• Task brief
Of the lines below, copy those that hold the word "listed".
----------
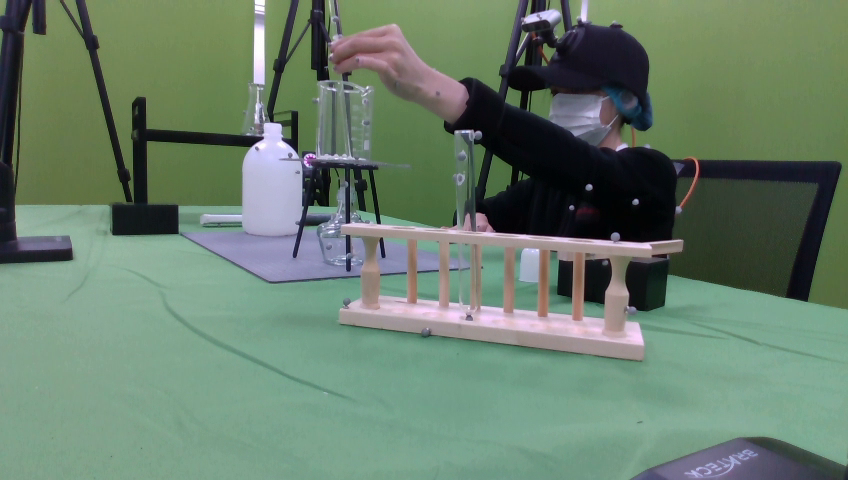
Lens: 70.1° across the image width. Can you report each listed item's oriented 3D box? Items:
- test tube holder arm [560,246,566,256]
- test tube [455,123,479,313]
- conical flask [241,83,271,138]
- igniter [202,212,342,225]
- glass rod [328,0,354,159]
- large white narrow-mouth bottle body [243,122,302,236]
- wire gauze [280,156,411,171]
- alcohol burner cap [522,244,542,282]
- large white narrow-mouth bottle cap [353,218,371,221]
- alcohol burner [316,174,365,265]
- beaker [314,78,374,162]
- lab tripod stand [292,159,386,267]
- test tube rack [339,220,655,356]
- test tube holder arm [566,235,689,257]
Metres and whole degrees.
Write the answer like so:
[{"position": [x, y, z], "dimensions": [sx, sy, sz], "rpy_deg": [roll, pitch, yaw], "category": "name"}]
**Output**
[{"position": [0.173, 0.007, 0.611], "dimensions": [0.088, 0.015, 0.010], "rpy_deg": [-3, 11, -29], "category": "test tube holder arm"}, {"position": [0.034, -0.016, 0.476], "dimensions": [0.017, 0.150, 0.017], "rpy_deg": [-2, 9, 1], "category": "test tube"}, {"position": [-0.384, -0.297, 1.393], "dimensions": [0.075, 0.122, 0.075], "rpy_deg": [2, 7, 0], "category": "conical flask"}, {"position": [-0.298, -0.043, 1.216], "dimensions": [0.278, 0.025, 0.057], "rpy_deg": [-3, -2, -32], "category": "igniter"}, {"position": [-0.101, -0.200, 0.742], "dimensions": [0.008, 0.199, 0.008], "rpy_deg": [-6, 10, 1], "category": "glass rod"}, {"position": [-0.264, -0.109, 1.061], "dimensions": [0.102, 0.194, 0.102], "rpy_deg": [2, 8, 0], "category": "large white narrow-mouth bottle body"}, {"position": [-0.103, -0.103, 0.785], "dimensions": [0.121, 0.011, 0.126], "rpy_deg": [11, 8, 42], "category": "wire gauze"}, {"position": [0.136, 0.026, 0.740], "dimensions": [0.034, 0.048, 0.034], "rpy_deg": [0, 6, 0], "category": "alcohol burner cap"}, {"position": [-0.121, -0.029, 1.184], "dimensions": [0.038, 0.024, 0.037], "rpy_deg": [2, 8, 0], "category": "large white narrow-mouth bottle cap"}, {"position": [-0.102, -0.028, 0.790], "dimensions": [0.078, 0.119, 0.078], "rpy_deg": [0, 6, 0], "category": "alcohol burner"}, {"position": [-0.101, -0.150, 0.773], "dimensions": [0.074, 0.100, 0.083], "rpy_deg": [-2, 8, -40], "category": "beaker"}, {"position": [-0.105, -0.039, 0.797], "dimensions": [0.148, 0.131, 0.148], "rpy_deg": [2, 5, 0], "category": "lab tripod stand"}, {"position": [0.056, 0.032, 0.495], "dimensions": [0.242, 0.085, 0.067], "rpy_deg": [4, 7, 15], "category": "test tube rack"}, {"position": [0.216, 0.006, 0.629], "dimensions": [0.179, 0.015, 0.013], "rpy_deg": [-3, 11, -30], "category": "test tube holder arm"}]
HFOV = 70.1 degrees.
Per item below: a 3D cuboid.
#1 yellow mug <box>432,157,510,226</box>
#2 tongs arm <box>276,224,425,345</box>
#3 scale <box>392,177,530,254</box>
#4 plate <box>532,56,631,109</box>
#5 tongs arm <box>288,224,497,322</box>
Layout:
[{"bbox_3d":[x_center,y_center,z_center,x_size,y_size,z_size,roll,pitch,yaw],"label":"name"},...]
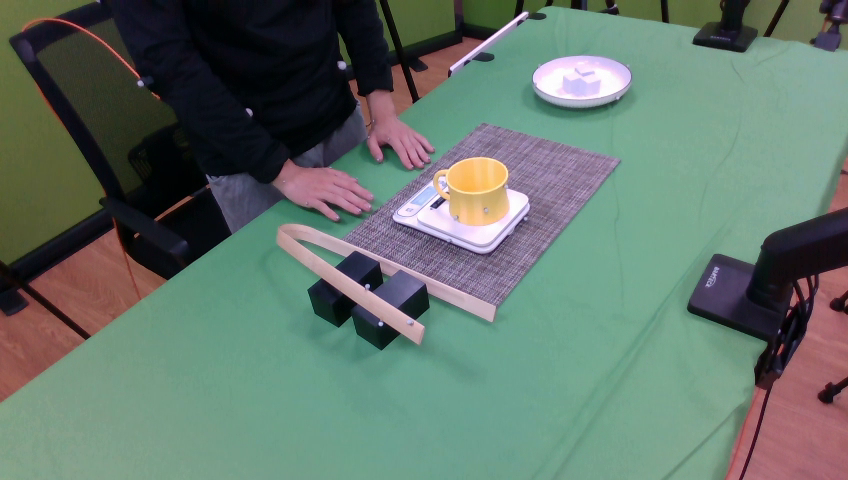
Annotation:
[{"bbox_3d":[0.072,-0.082,0.968,0.130,0.064,0.100,13,45,24],"label":"yellow mug"},{"bbox_3d":[-0.114,0.050,0.856,0.051,0.026,0.381,-7,24,-44],"label":"tongs arm"},{"bbox_3d":[0.060,-0.050,1.006,0.199,0.032,0.149,22,48,30],"label":"scale"},{"bbox_3d":[0.336,-0.335,1.301,0.207,0.039,0.206,-4,41,4],"label":"plate"},{"bbox_3d":[-0.060,0.043,0.918,0.384,0.028,0.028,21,24,28],"label":"tongs arm"}]
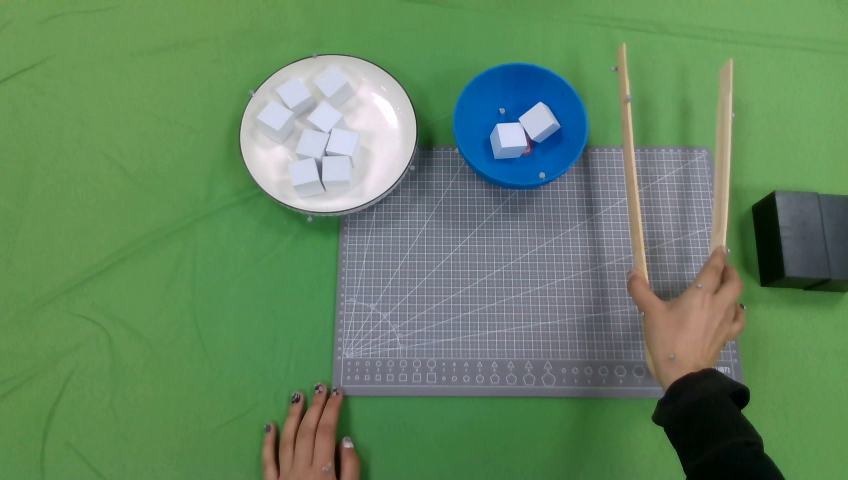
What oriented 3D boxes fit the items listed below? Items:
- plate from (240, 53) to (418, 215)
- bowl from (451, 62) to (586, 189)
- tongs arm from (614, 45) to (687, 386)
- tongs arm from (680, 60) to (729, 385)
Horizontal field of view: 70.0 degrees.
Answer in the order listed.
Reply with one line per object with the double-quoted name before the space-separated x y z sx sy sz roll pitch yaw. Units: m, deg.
"plate" -0.110 -0.124 0.722 0.208 0.039 0.206 0 73 0
"bowl" 0.104 -0.119 0.702 0.151 0.077 0.150 0 73 -1
"tongs arm" 0.245 -0.037 0.665 0.051 0.026 0.382 4 75 -8
"tongs arm" 0.315 -0.029 0.673 0.028 0.028 0.385 14 74 -9
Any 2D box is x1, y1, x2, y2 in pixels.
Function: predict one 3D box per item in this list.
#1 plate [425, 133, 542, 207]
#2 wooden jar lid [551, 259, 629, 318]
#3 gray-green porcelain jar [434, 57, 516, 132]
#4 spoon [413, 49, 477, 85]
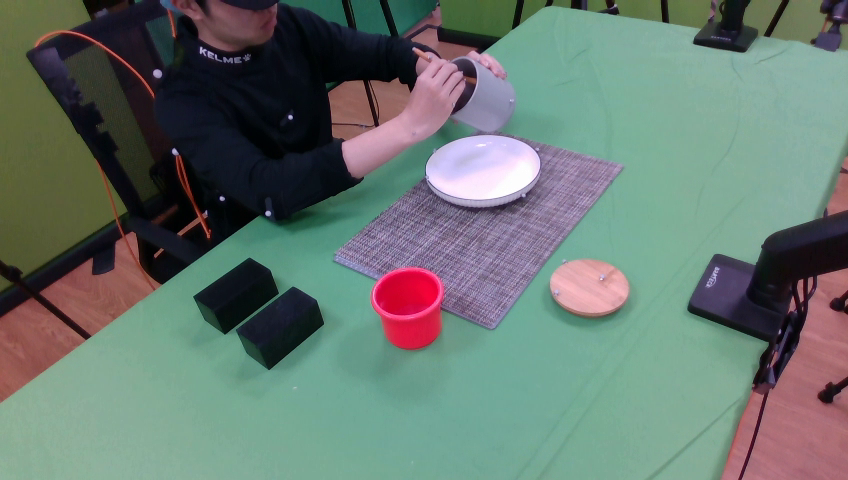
[{"bbox_3d":[0.105,-0.122,1.079,0.207,0.039,0.206,-4,41,4],"label":"plate"},{"bbox_3d":[0.234,0.070,0.857,0.108,0.021,0.108,-5,40,5],"label":"wooden jar lid"},{"bbox_3d":[0.098,-0.260,1.102,0.128,0.106,0.105,12,21,-45],"label":"gray-green porcelain jar"},{"bbox_3d":[0.065,-0.289,1.063,0.195,0.021,0.041,17,35,-22],"label":"spoon"}]
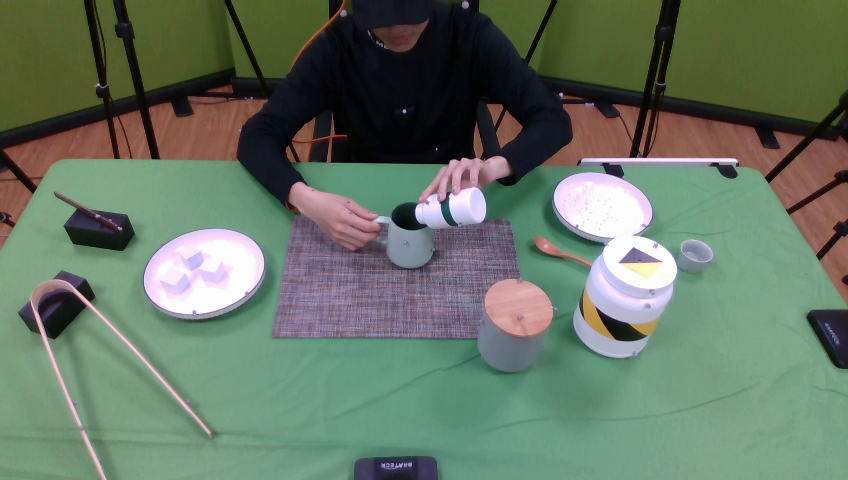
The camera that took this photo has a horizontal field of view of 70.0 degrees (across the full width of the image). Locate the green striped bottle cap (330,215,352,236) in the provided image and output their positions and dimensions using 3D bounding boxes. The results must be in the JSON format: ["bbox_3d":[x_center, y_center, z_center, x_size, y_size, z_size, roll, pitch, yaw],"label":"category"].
[{"bbox_3d":[-0.167,-0.029,1.214,0.044,0.020,0.044,1,51,-1],"label":"green striped bottle cap"}]

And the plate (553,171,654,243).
[{"bbox_3d":[0.373,-0.066,1.275,0.209,0.038,0.208,2,46,-2],"label":"plate"}]

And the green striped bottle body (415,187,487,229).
[{"bbox_3d":[0.044,-0.054,1.058,0.119,0.063,0.063,-7,37,34],"label":"green striped bottle body"}]

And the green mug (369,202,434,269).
[{"bbox_3d":[-0.042,-0.010,1.140,0.125,0.105,0.092,7,46,3],"label":"green mug"}]

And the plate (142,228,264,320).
[{"bbox_3d":[-0.394,0.064,1.095,0.208,0.039,0.206,2,46,-2],"label":"plate"}]

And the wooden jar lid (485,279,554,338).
[{"bbox_3d":[0.147,0.108,0.940,0.108,0.021,0.107,4,47,-4],"label":"wooden jar lid"}]

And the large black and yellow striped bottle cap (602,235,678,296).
[{"bbox_3d":[0.340,0.037,0.955,0.115,0.019,0.114,2,47,-1],"label":"large black and yellow striped bottle cap"}]

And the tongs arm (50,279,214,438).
[{"bbox_3d":[-0.459,0.178,0.949,0.386,0.028,0.028,37,60,17],"label":"tongs arm"}]

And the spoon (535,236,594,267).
[{"bbox_3d":[0.303,0.040,1.178,0.193,0.022,0.041,25,30,19],"label":"spoon"}]

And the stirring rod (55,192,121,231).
[{"bbox_3d":[-0.632,-0.055,1.138,0.175,0.014,0.006,24,50,19],"label":"stirring rod"}]

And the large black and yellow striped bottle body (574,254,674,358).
[{"bbox_3d":[0.335,0.096,1.014,0.131,0.185,0.130,2,46,-2],"label":"large black and yellow striped bottle body"}]

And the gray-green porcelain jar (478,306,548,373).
[{"bbox_3d":[0.144,0.148,0.989,0.106,0.127,0.105,2,50,-2],"label":"gray-green porcelain jar"}]

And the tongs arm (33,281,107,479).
[{"bbox_3d":[-0.517,0.214,0.910,0.051,0.026,0.383,-28,63,-27],"label":"tongs arm"}]

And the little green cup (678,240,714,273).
[{"bbox_3d":[0.530,0.033,1.190,0.061,0.039,0.061,2,46,-1],"label":"little green cup"}]
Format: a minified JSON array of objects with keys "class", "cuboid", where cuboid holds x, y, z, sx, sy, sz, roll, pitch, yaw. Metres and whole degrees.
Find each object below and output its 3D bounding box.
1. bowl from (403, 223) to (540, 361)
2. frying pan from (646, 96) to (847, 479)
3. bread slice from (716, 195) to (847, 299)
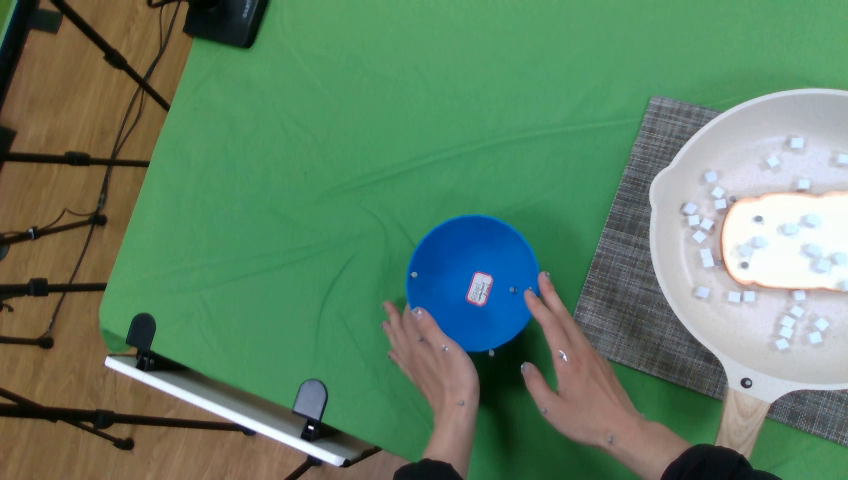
----------
• Solution below
Lens: 70.1° across the image width. Can you report each listed item's oriented 3D box? Items:
What oriented 3D boxes fit the items listed below? Items:
Answer in the order listed.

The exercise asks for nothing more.